Description
Context
In Pandas, df.to_numpy()
and df.values()
both can turn a DataFrame
to a NumPy array.
Problem
As noted in a Stack Overflow post, df.values()
has an inconsistency problem. With .values()
it is unclear whether the returned value would be the actual array, some transformation of it, or one of the Pandas custom arrays. However, the .values()
API has not been not deprecated yet.
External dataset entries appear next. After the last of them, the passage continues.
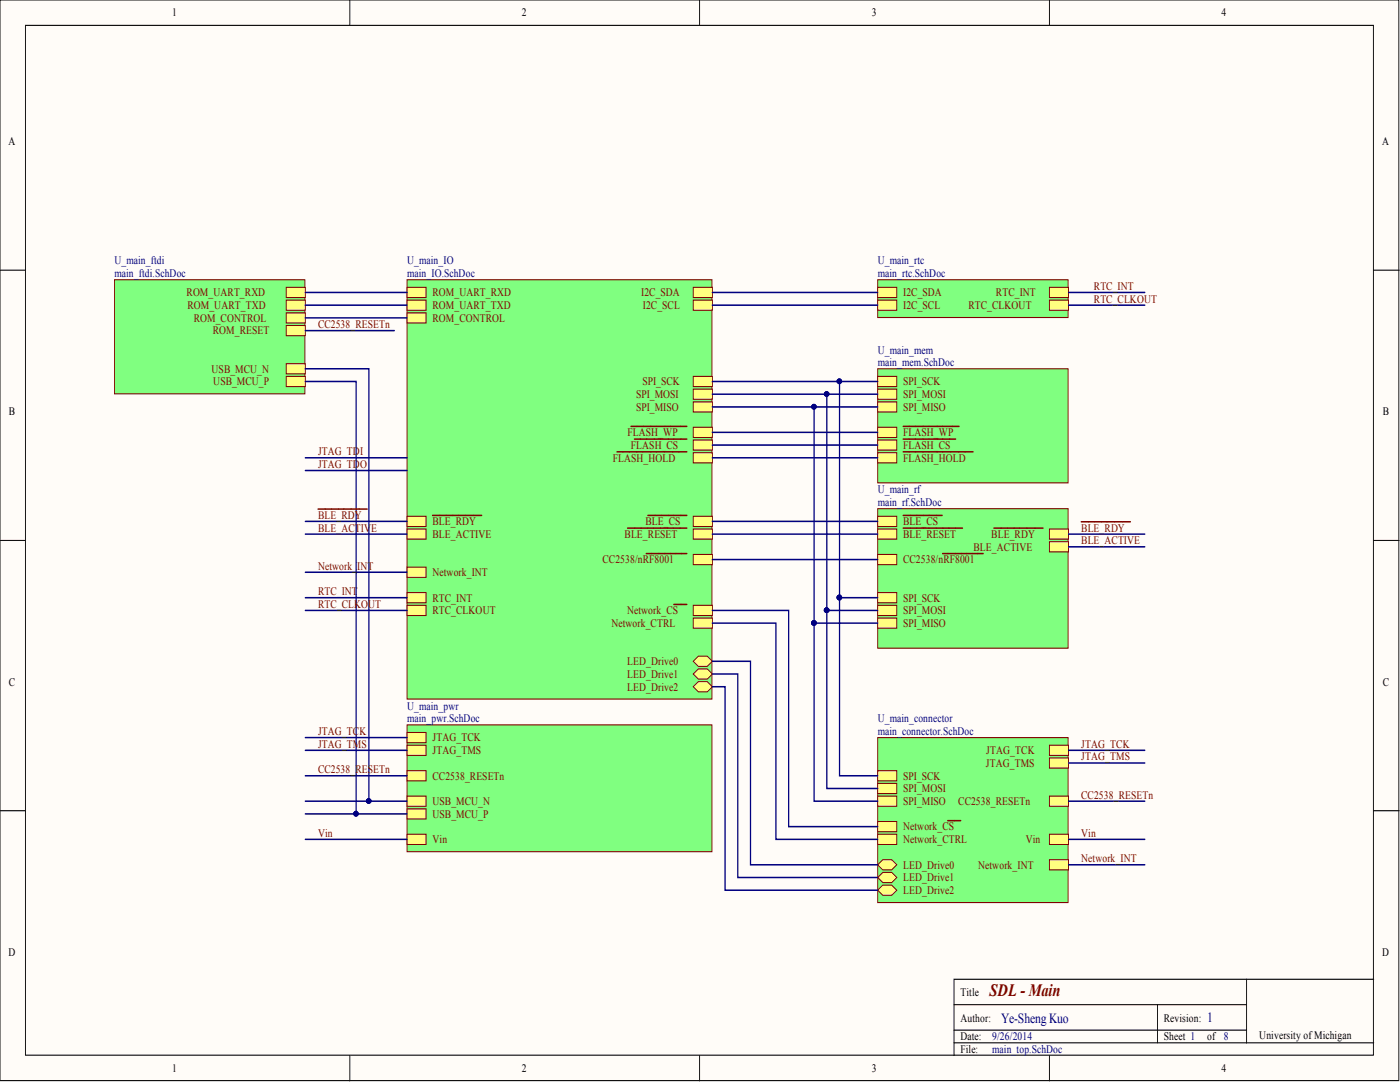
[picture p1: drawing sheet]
<svg xmlns="http://www.w3.org/2000/svg" width="279mm" height="216mm" viewBox="0 0 279 216" stroke-linecap="round" stroke-linejoin="round" font-family="sans-serif">
<defs><g id="words">
<text font-size="3.5" fill="#800000" x="197.5" y="198.7">SDL a Main</text>
<g font-size="2.8" fill="#000080">
<text x="240.9" y="203.9">1</text>
<text x="199.8" y="204.2">Ye-Sheng Kuo</text>
</g>
<g font-size="2.3">
<text x="34.4" y="3.3">1</text>
<text x="104.2" y="3.3">2</text>
<text x="174" y="3.3">3</text>
<text x="243.8" y="3.3">4</text>
<text x="1.7" y="29">A</text>
<text x="275.9" y="29">A</text>
<text x="1.8" y="82.9">B</text>
<text x="275.9" y="82.9">B</text>
<text x="1.8" y="136.9">C</text>
<text x="275.9" y="136.9">C</text>
<text x="1.7" y="190.7">D</text>
<text x="275.9" y="190.7">D</text>
<text x="191.7" y="198.7">Title</text>
<text x="191.7" y="207.6">Date:</text>
<text x="191.7" y="204">Author:</text>
<text x="232.3" y="204">Revision:</text>
<text x="232.3" y="207.6">Sheet 1</text>
<text x="240.9" y="207.6">of 8</text>
<text x="251.3" y="207.3">University of Michigan</text>
<text x="34.4" y="213.9">1</text>
<text x="104.2" y="213.9">2</text>
<text x="174" y="213.9">3</text>
<text x="191.7" y="210.1">File:</text>
<text x="243.8" y="213.9">4</text>
</g>
<g font-size="2.3" fill="#000080">
<text x="22.8" y="52.8">U_main_ftdi</text>
<text x="81.2" y="52.8">U_main_IO</text>
<text x="175.2" y="52.8">U_main_rtc</text>
<text x="22.8" y="55.3">main_ftdi.SchDoc</text>
<text x="81.2" y="55.3">main_IO.SchDoc</text>
<text x="175.2" y="55.3">main_rtc.SchDoc</text>
<text x="175.2" y="70.5">U_main_mem</text>
<text x="175.2" y="73.1">main_mem.SchDoc</text>
<text x="175.2" y="98.5">U_main_rf</text>
<text x="175.2" y="101">main_rf.SchDoc</text>
<text x="81.2" y="141.6">U_main_pwr</text>
<text x="81.2" y="144.1">main_pwr.SchDoc</text>
<text x="175.2" y="144.1">U_main_connector</text>
<text x="175.2" y="146.7">main_connector.SchDoc</text>
<text x="198" y="207.6">9/26/2014</text>
<text x="198" y="210.1">main_top.SchDoc</text>
</g>
<g font-size="2.3" fill="#800000">
<text x="37.2" y="59.1">ROM_UART_RXD</text>
<text x="86.3" y="59.1">ROM_UART_RXD</text>
<text x="127.9" y="59.1">I2C_SDA</text>
<text x="180.2" y="59.1">I2C_SDA</text>
<text x="198.8" y="59.1">RTC_INT</text>
<text x="218.3" y="57.8">RTC_INT</text>
<text x="37.4" y="61.7">ROM_UART_TXD</text>
<text x="38.7" y="64.2">ROM_CONTROL</text>
<text x="63.5" y="65.5">CC2538_RESETn</text>
<text x="86.3" y="61.7">ROM_UART_TXD</text>
<text x="86.3" y="64.2">ROM_CONTROL</text>
<text x="128.3" y="61.7">I2C_SCL</text>
<text x="180.2" y="61.7">I2C_SCL</text>
<text x="193.3" y="61.7">RTC_CLKOUT</text>
<text x="218.3" y="60.4">RTC_CLKOUT</text>
<text x="42.5" y="66.7">ROM_RESET</text>
<text x="42.2" y="74.3">USB_MCU_N</text>
<text x="42.6" y="76.9">USB_MCU_P</text>
<text x="128.2" y="76.9">SPI_SCK</text>
<text x="180.2" y="76.9">SPI_SCK</text>
<text x="126.9" y="79.4">SPI_MOSI</text>
<text x="126.9" y="82">SPI_MISO</text>
<text x="180.2" y="79.4">SPI_MOSI</text>
<text x="180.2" y="82">SPI_MISO</text>
<text x="125.2" y="87">FLASH_WP</text>
<text x="125.9" y="89.6">FLASH_CS</text>
<text x="180.2" y="87">FLASH_WP</text>
<text x="180.2" y="89.6">FLASH_CS</text>
<text x="63.5" y="90.8">JTAG_TDI</text>
<text x="63.5" y="93.4">JTAG_TDO</text>
<text x="122.3" y="92.1">FLASH_HOLD</text>
<text x="180.2" y="92.1">FLASH_HOLD</text>
<text x="63.5" y="106.1">BLE_ACTIV</text>
<text x="63.5" y="103.5">BLE_RDY</text>
<text x="74" y="106.1">E</text>
<text x="86.3" y="104.8">BLE_RDY</text>
<text x="86.3" y="107.3">BLE_ACTIVE</text>
<text x="124.6" y="107.3">BLE_RESET</text>
<text x="128.8" y="104.8">BLE_CS</text>
<text x="180.2" y="104.8">BLE_CS</text>
<text x="180.2" y="107.3">BLE_RESET</text>
<text x="197.8" y="107.3">BLE_RDY</text>
<text x="215.8" y="106.1">BLE_RDY</text>
<text x="63.5" y="113.7">Network_</text>
<text x="71.3" y="113.7">INT</text>
<text x="120.2" y="112.4">CC2538/nRF8001</text>
<text x="180.2" y="112.4">CC2538/nRF8001</text>
<text x="194.3" y="109.9">BLE_ACTIVE</text>
<text x="215.8" y="108.6">BLE_ACTIVE</text>
<text x="63.5" y="118.8">RTC_INT</text>
<text x="86.3" y="114.9">Network_INT</text>
<text x="63.5" y="121.3">RTC_CLKOUT</text>
<text x="86.3" y="120">RTC_INT</text>
<text x="86.3" y="122.6">RTC_CLKOUT</text>
<text x="122" y="125.1">Network_CTRL</text>
<text x="125.2" y="122.6">Network_CS</text>
<text x="180.2" y="120">SPI_SCK</text>
<text x="180.2" y="122.6">SPI_MOSI</text>
<text x="180.2" y="125.1">SPI_MISO</text>
<text x="125.2" y="132.7">LED_Drive0</text>
<text x="125.2" y="135.3">LED_Drive1</text>
<text x="125.2" y="137.8">LED_Drive2</text>
<text x="63.5" y="146.7">JTAG_TCK</text>
<text x="63.5" y="149.2">JTAG_TMS</text>
<text x="86.3" y="147.9">JTAG_TCK</text>
<text x="215.8" y="149.2">JTAG_TCK</text>
<text x="63.5" y="154.3">CC2538_RESETn</text>
<text x="86.3" y="155.6">CC2538_RESETn</text>
<text x="86.3" y="150.5">JTAG_TMS</text>
<text x="180.2" y="155.6">SPI_SCK</text>
<text x="196.7" y="153">JTAG_TMS</text>
<text x="196.8" y="150.5">JTAG_TCK</text>
<text x="215.8" y="151.7">JTAG_TMS</text>
<text x="86.3" y="160.6">USB_MCU_N</text>
<text x="180.2" y="158.1">SPI_MOSI</text>
<text x="180.2" y="160.6">SPI_MISO</text>
<text x="191.2" y="160.6">CC2538_RESETn</text>
<text x="215.8" y="159.4">CC2538_RESETn</text>
<text x="63.5" y="167">Vin</text>
<text x="86.3" y="163.2">USB_MCU_P</text>
<text x="180.2" y="165.7">Network_CS</text>
<text x="215.8" y="167">Vin</text>
<text x="86.3" y="168.2">Vin</text>
<text x="180.2" y="168.2">Network_CTRL</text>
<text x="180.2" y="173.3">LED_Drive0</text>
<text x="195.2" y="173.3">Network_INT</text>
<text x="204.7" y="168.2">Vin</text>
<text x="215.8" y="172">Network_INT</text>
<text x="180.2" y="175.9">LED_Drive1</text>
<text x="180.2" y="178.4">LED_Drive2</text>
</g>
</g></defs>
<g fill="#fffcf8" stroke="#000" stroke-width=".2">
<path d="M0 0h279.2v215.6h-279.2z"/>
<path d="M5.1 5.1h269v205.4h-269z"/>
</g>
<g fill="none" stroke="#000" stroke-width=".2">
<path d="M69.8 0v5.1M139.6 0v5.1M209.4 0v5.1M0 53.9h5.1M274.2 53.9h5M0 107.8h5.1M274.2 107.8h5M0 161.8h5.1M274.2 161.8h5M248.8 195.4h-58.4v15.2M274.2 195.4h-25.4v12.7M69.8 210.6v5.1"/>
<path d="M139.6 210.6v5.1M190.4 200.5h58.4M190.4 208.1h83.8M190.4 205.5h58.4M209.4 210.6v5.1M231 200.5v7.6"/>
</g>
<path d="M175.2 147.2h38v32.9h-38z" fill="#80ff80" stroke="#800000" stroke-width=".2"/>
<g fill="#ffff80" stroke="#800000" stroke-width=".2">
<path d="M209.4 166.5h3.8v2h-3.8z" fill-rule="evenodd"/>
<path d="M209.4 148.7h3.8v2h-3.8z" fill-rule="evenodd"/>
<path d="M209.4 151.2h3.8v2.1h-3.8z" fill-rule="evenodd"/>
<path d="M209.4 158.9h3.8v2h-3.8z" fill-rule="evenodd"/>
<path d="M175.2 153.8h3.8v2h-3.8z" fill-rule="evenodd"/>
<path d="M175.2 156.3h3.8v2h-3.8z" fill-rule="evenodd"/>
<path d="M175.2 158.9h3.8v2h-3.8z" fill-rule="evenodd"/>
<path d="M175.2 163.9h3.8v2.1h-3.8z" fill-rule="evenodd"/>
</g>
<path d="M189.1 163.8h2.6" fill="none" stroke="#800000" stroke-width=".28"/>
<g fill="#ffff80" stroke="#800000" stroke-width=".2">
<path d="M175.2 166.5h3.8v2h-3.8z" fill-rule="evenodd"/>
<path d="M209.4 171.5h3.8v2.1h-3.8z" fill-rule="evenodd"/>
<path d="M175.2 172.6l1-1.1h1.8l1 1.1-1 1h-1.8z" fill-rule="evenodd"/>
<path d="M175.2 175.1l1-1h1.8l1 1-1 1h-1.8z" fill-rule="evenodd"/>
<path d="M175.2 177.6l1-1h1.8l1 1-1 1h-1.8z" fill-rule="evenodd"/>
</g>
<path d="M22.8 55.8h38.1v22.8h-38.1z" fill="#80ff80" stroke="#800000" stroke-width=".2"/>
<g fill="#ffff80" stroke="#800000" stroke-width=".2">
<path d="M57.1 57.3h3.8v2.1h-3.8z" fill-rule="evenodd"/>
<path d="M57.1 59.9h3.8v2h-3.8z" fill-rule="evenodd"/>
<path d="M57.1 62.4h3.8v2h-3.8z" fill-rule="evenodd"/>
<path d="M57.1 65h3.8v2h-3.8z" fill-rule="evenodd"/>
<path d="M57.1 72.6h3.8v2h-3.8z" fill-rule="evenodd"/>
<path d="M57.1 75.1h3.8v2h-3.8z" fill-rule="evenodd"/>
</g>
<path d="M81.2 55.8h60.9v83.7h-60.9z" fill="#80ff80" stroke="#800000" stroke-width=".2"/>
<g fill="#ffff80" stroke="#800000" stroke-width=".2">
<path d="M81.2 57.3h3.8v2.1h-3.8z" fill-rule="evenodd"/>
<path d="M81.2 59.9h3.8v2h-3.8z" fill-rule="evenodd"/>
<path d="M81.2 62.4h3.8v2h-3.8z" fill-rule="evenodd"/>
<path d="M138.4 57.3h3.8v2.1h-3.8z" fill-rule="evenodd"/>
<path d="M138.4 59.9h3.8v2h-3.8z" fill-rule="evenodd"/>
<path d="M138.4 75.1h3.8v2h-3.8z" fill-rule="evenodd"/>
<path d="M138.4 77.6h3.8v2.1h-3.8z" fill-rule="evenodd"/>
<path d="M138.4 80.2h3.8v2h-3.8z" fill-rule="evenodd"/>
<path d="M138.4 85.3h3.8v2h-3.8z" fill-rule="evenodd"/>
</g>
<path d="M125.9 85.1h11.2" fill="none" stroke="#800000" stroke-width=".28"/>
<path d="M138.4 87.8h3.8v2h-3.8z" fill-rule="evenodd" fill="#ffff80" stroke="#800000" stroke-width=".2"/>
<path d="M126.6 87.6h10.5" fill="none" stroke="#800000" stroke-width=".28"/>
<path d="M138.4 90.3h3.8v2.1h-3.8z" fill-rule="evenodd" fill="#ffff80" stroke="#800000" stroke-width=".2"/>
<path d="M123.1 90.2h14" fill="none" stroke="#800000" stroke-width=".28"/>
<path d="M81.2 103h3.8v2.1h-3.8z" fill-rule="evenodd" fill="#ffff80" stroke="#800000" stroke-width=".2"/>
<path d="M86.3 102.8h9.8" fill="none" stroke="#800000" stroke-width=".28"/>
<path d="M138.4 103h3.8v2.1h-3.8z" fill-rule="evenodd" fill="#ffff80" stroke="#800000" stroke-width=".2"/>
<path d="M129.3 102.8h7.8" fill="none" stroke="#800000" stroke-width=".28"/>
<g fill="#ffff80" stroke="#800000" stroke-width=".2">
<path d="M81.2 105.6h3.8v2h-3.8z" fill-rule="evenodd"/>
<path d="M138.4 105.6h3.8v2h-3.8z" fill-rule="evenodd"/>
</g>
<path d="M125.2 105.4h11.9" fill="none" stroke="#800000" stroke-width=".28"/>
<g fill="#ffff80" stroke="#800000" stroke-width=".2">
<path d="M81.2 118.2h3.8v2.1h-3.8z" fill-rule="evenodd"/>
<path d="M81.2 120.8h3.8v2h-3.8z" fill-rule="evenodd"/>
<path d="M138.4 110.6h3.8v2.1h-3.8z" fill-rule="evenodd"/>
</g>
<path d="M129 110.5h8.1" fill="none" stroke="#800000" stroke-width=".28"/>
<path d="M138.4 120.8h3.8v2h-3.8z" fill-rule="evenodd" fill="#ffff80" stroke="#800000" stroke-width=".2"/>
<path d="M134.5 120.6h2.6" fill="none" stroke="#800000" stroke-width=".28"/>
<g fill="#ffff80" stroke="#800000" stroke-width=".2">
<path d="M138.4 123.3h3.8v2.1h-3.8z" fill-rule="evenodd"/>
<path d="M81.2 113.2h3.8v2h-3.8z" fill-rule="evenodd"/>
<path d="M138.4 132l1-1.1h1.7l1.1 1.1-1.1 1h-1.7z" fill-rule="evenodd"/>
<path d="M138.4 134.5l1-1h1.7l1.1 1-1.1 1h-1.7z" fill-rule="evenodd"/>
<path d="M138.4 137l1-1h1.7l1.1 1-1.1 1h-1.7z" fill-rule="evenodd"/>
</g>
<path d="M175.2 73.6h38v22.7h-38z" fill="#80ff80" stroke="#800000" stroke-width=".2"/>
<path d="M175.2 85.3h3.8v2h-3.8z" fill-rule="evenodd" fill="#ffff80" stroke="#800000" stroke-width=".2"/>
<path d="M180.2 85.1h11.2" fill="none" stroke="#800000" stroke-width=".28"/>
<path d="M175.2 87.8h3.8v2h-3.8z" fill-rule="evenodd" fill="#ffff80" stroke="#800000" stroke-width=".2"/>
<path d="M180.2 87.6h10.5" fill="none" stroke="#800000" stroke-width=".28"/>
<path d="M175.2 90.3h3.8v2.1h-3.8z" fill-rule="evenodd" fill="#ffff80" stroke="#800000" stroke-width=".2"/>
<path d="M180.2 90.2h14" fill="none" stroke="#800000" stroke-width=".28"/>
<g fill="#ffff80" stroke="#800000" stroke-width=".2">
<path d="M175.2 75.1h3.8v2h-3.8z" fill-rule="evenodd"/>
<path d="M175.2 77.6h3.8v2.1h-3.8z" fill-rule="evenodd"/>
<path d="M175.2 80.2h3.8v2h-3.8z" fill-rule="evenodd"/>
</g>
<path d="M81.2 144.6h60.9v25.3h-60.9z" fill="#80ff80" stroke="#800000" stroke-width=".2"/>
<g fill="#ffff80" stroke="#800000" stroke-width=".2">
<path d="M81.2 166.5h3.8v2h-3.8z" fill-rule="evenodd"/>
<path d="M81.2 153.8h3.8v2h-3.8z" fill-rule="evenodd"/>
<path d="M81.2 158.9h3.8v2h-3.8z" fill-rule="evenodd"/>
<path d="M81.2 161.4h3.8v2h-3.8z" fill-rule="evenodd"/>
<path d="M81.2 146.2h3.8v2h-3.8z" fill-rule="evenodd"/>
<path d="M81.2 148.7h3.8v2h-3.8z" fill-rule="evenodd"/>
</g>
<path d="M175.2 101.5h38v27.8h-38z" fill="#80ff80" stroke="#800000" stroke-width=".2"/>
<g fill="#ffff80" stroke="#800000" stroke-width=".2">
<path d="M175.2 118.2h3.8v2.1h-3.8z" fill-rule="evenodd"/>
<path d="M175.2 120.8h3.8v2h-3.8z" fill-rule="evenodd"/>
<path d="M175.2 123.3h3.8v2.1h-3.8z" fill-rule="evenodd"/>
<path d="M209.4 105.6h3.8v2h-3.8z" fill-rule="evenodd"/>
</g>
<path d="M198.3 105.4h9.9" fill="none" stroke="#800000" stroke-width=".28"/>
<path d="M175.2 103h3.8v2.1h-3.8z" fill-rule="evenodd" fill="#ffff80" stroke="#800000" stroke-width=".2"/>
<path d="M180.2 102.8h7.8" fill="none" stroke="#800000" stroke-width=".28"/>
<g fill="#ffff80" stroke="#800000" stroke-width=".2">
<path d="M209.4 108.1h3.8v2h-3.8z" fill-rule="evenodd"/>
<path d="M175.2 105.6h3.8v2h-3.8z" fill-rule="evenodd"/>
</g>
<path d="M180.2 105.4h11.9" fill="none" stroke="#800000" stroke-width=".28"/>
<path d="M175.2 110.6h3.8v2.1h-3.8z" fill-rule="evenodd" fill="#ffff80" stroke="#800000" stroke-width=".2"/>
<path d="M188.1 110.5h8.1" fill="none" stroke="#800000" stroke-width=".28"/>
<path d="M175.2 55.8h38v7.6h-38z" fill="#80ff80" stroke="#800000" stroke-width=".2"/>
<g fill="#ffff80" stroke="#800000" stroke-width=".2">
<path d="M209.4 59.9h3.8v2h-3.8z" fill-rule="evenodd"/>
<path d="M175.2 57.3h3.8v2.1h-3.8z" fill-rule="evenodd"/>
<path d="M175.2 59.9h3.8v2h-3.8z" fill-rule="evenodd"/>
<path d="M209.4 57.3h3.8v2.1h-3.8z" fill-rule="evenodd"/>
</g>
<g fill="none" stroke="#000080" stroke-width=".28">
<path d="M60.9 58.4h20.3M142.2 58.4h33M213.2 58.4h15.3M60.9 73.6h12.7v86.3M60.9 76.1h10.2v86.3M60.9 60.9h20.3M60.9 63.4h20.3M60.9 66h17.8M142.2 76.1h33M142.2 78.7h33M142.2 60.9h33M165 78.7v43.1"/>
<path d="M167.5 76.1v43.2M213.2 60.9h15.3M60.9 91.3h20.3M60.9 93.9h20.3M142.2 81.2h33M142.2 86.3h33M142.2 88.8h33M142.2 91.3h33M162.5 81.2v43.1M60.9 119.3h20.3M60.9 104h20.3M60.9 106.6h20.3"/>
<path d="M60.9 114.2h20.3M142.2 104h33M142.2 106.6h33M142.2 111.7h33M167.5 119.3v35.5h7.7M167.5 119.3h7.7M213.2 106.6h15.3M213.2 109.1h15.3M60.9 121.8h20.3M142.2 121.8h15.2v43.1h17.8M142.2 124.3h12.7v43.2h20.3M142.2 132h7.6v40.6h25.4"/>
<path d="M142.2 134.5h5v40.6h28M142.2 137h2.5v40.6h30.5M162.5 124.3v35.6h12.7M162.5 124.3h12.7M165 121.8v35.5h10.2M165 121.8h10.2M60.9 159.9h20.3M60.9 154.8h20.3M60.9 149.7h20.3M60.9 147.2h20.3M213.2 159.9h15.3M213.2 149.7h15.3"/>
<path d="M213.2 152.3h15.3M60.9 162.4h20.3M60.9 167.5h20.3M213.2 167.5h15.3M213.2 172.6h15.3"/>
</g>
<g fill="#000080" stroke="#000080" stroke-width=".2">
<circle cx="167.5" cy="76.1" r=".47"/>
<circle cx="165" cy="78.6" r=".47"/>
<circle cx="162.4" cy="81.2" r=".47"/>
<circle cx="167.5" cy="119.2" r=".47"/>
<circle cx="165" cy="121.8" r=".47"/>
<circle cx="162.4" cy="124.3" r=".47"/>
<circle cx="73.6" cy="159.8" r=".47"/>
<circle cx="71" cy="162.4" r=".47"/>
</g>
<path d="M63.5 101.6h9.8M215.8 104.1h9.8" fill="none" stroke="#800000" stroke-width=".28"/>
<use href="#words"/>
</svg>

Although the library developers note it as a warning in the documentation, it does not log a warning or error when compiling the code if we use .value()
.
Solution
When converting DataFrame
to NumPy array, it is better to use df.to_numpy()
than df.values()
.
Type
API-Specific
Existing Stage
Data Cleaning
Effect
Consistency & Error-prone
Example
### NumPy & Pandas
import numpy as np
import pandas as pd
index = [1, 2, 3, 4, 5, 6, 7]
a = [np.nan, np.nan, np.nan, 0.1, 0.1, 0.1, 0.1]
b = [0.2, np.nan, 0.2, 0.2, 0.2, np.nan, np.nan]
c = [np.nan, 0.5, 0.5, np.nan, 0.5, 0.5, np.nan]
df = pd.DataFrame({'A': a, 'B': b, 'C': c}, index=index)
df = df.rename_axis('ID')
- arr = df.values
+ arr = df.to_numpy()